The bill defines an “eligible business” as New Jersey-based business that is a State chartered bank, savings bank, savings and loan association, credit union, or a business that derives a majority of business sales and revenues from the protection of personal information of their customers, as determined by the authority.
The bill defines a “low-interest loan” as a loan for a term not exceeding 10 years at a rate of interest not exceeding more than three percent or one-half of the prime interest rate as reported in a financial newspaper published and circulating in New York City.
8. Assembly Joint Resolution, No. 54 (Designates October of each year as Cyber Security Awareness Month)
Status: Introduced on Feb. 1, 2018, Referred to Assembly Homeland Security and State Preparedness Committee; 10/18/2018 Reported out of Assembly Committee, 2nd Reading on Oct. 18, 2018; Passed by the Assembly (76-0-0) on Oct. 29, 2018.
Purpose and Key Provisions: Assembly Joint Resolution No. 54 designates the month of October as “Cyber Security Awareness Month” in New Jersey to educate the citizens of the State on the risks of the Internet and the importance of being safe and responsible cyberspace users.
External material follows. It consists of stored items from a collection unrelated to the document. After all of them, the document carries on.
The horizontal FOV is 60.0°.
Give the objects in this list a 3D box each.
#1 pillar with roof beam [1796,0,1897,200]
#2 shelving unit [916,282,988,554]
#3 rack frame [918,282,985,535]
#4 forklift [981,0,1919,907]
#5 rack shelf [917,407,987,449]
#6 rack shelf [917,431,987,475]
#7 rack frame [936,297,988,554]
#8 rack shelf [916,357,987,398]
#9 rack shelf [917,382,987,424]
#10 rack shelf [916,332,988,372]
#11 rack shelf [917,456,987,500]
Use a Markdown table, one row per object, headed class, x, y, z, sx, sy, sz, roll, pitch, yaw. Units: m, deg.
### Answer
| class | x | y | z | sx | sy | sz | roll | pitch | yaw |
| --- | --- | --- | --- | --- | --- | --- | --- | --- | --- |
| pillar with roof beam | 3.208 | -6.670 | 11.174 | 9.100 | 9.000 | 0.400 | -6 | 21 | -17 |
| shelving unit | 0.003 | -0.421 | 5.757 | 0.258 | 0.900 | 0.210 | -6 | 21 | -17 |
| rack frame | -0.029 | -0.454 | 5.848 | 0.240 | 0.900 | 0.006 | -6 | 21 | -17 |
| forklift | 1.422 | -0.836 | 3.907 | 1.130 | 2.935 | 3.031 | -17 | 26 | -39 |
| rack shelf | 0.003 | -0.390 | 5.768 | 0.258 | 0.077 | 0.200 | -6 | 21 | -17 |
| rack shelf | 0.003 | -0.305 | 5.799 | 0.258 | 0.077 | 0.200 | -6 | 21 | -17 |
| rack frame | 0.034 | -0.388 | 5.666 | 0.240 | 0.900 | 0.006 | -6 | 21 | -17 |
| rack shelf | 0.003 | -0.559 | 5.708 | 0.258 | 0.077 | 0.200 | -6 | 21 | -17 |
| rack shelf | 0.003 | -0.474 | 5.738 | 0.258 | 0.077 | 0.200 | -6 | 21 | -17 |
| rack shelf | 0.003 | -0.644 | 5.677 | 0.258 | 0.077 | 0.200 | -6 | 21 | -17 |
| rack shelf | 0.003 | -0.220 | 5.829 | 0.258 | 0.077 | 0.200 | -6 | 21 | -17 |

The resolution also requires the Governor to issue a proclamation calling on public officials and citizens of New Jersey to observe October as “Cyber Security Awareness Month.”
This resolution will allow the State to increase awareness, education, and training to create a digital community that is safer in this State.
9. Assembly Joint Resolution, No. 86; Senate Joint Resolution, No. 22 (Urges Secretary of State to assure Legislature and public that State's electoral system is protected from foreign computer hackers)
Status: Assembly: Introduced on Feb. 15, 2018, Referred to Assembly State and Local Government Committee; Senate: Introduced Jan. 25, 2018, Referred to Senate State Government, Wagering, Tourism & Historic Preservation Committee.
Purpose and Key Provisions: This resolution urges the Secretary of State to assure the Legislature and the public that the State’s electoral system is protected from foreign computer hackers.
Companies large and small should take a moment to read the writing on the wall. The legal and regulatory considerations with respect to data privacy and cyber security continue to multiply, as does the peril for non-compliance. Persons subject to the myriad laws in this area should consider seeking counsel to discuss and assess the risks to your business, as well as potential solutions to make sure you are informed and prepared.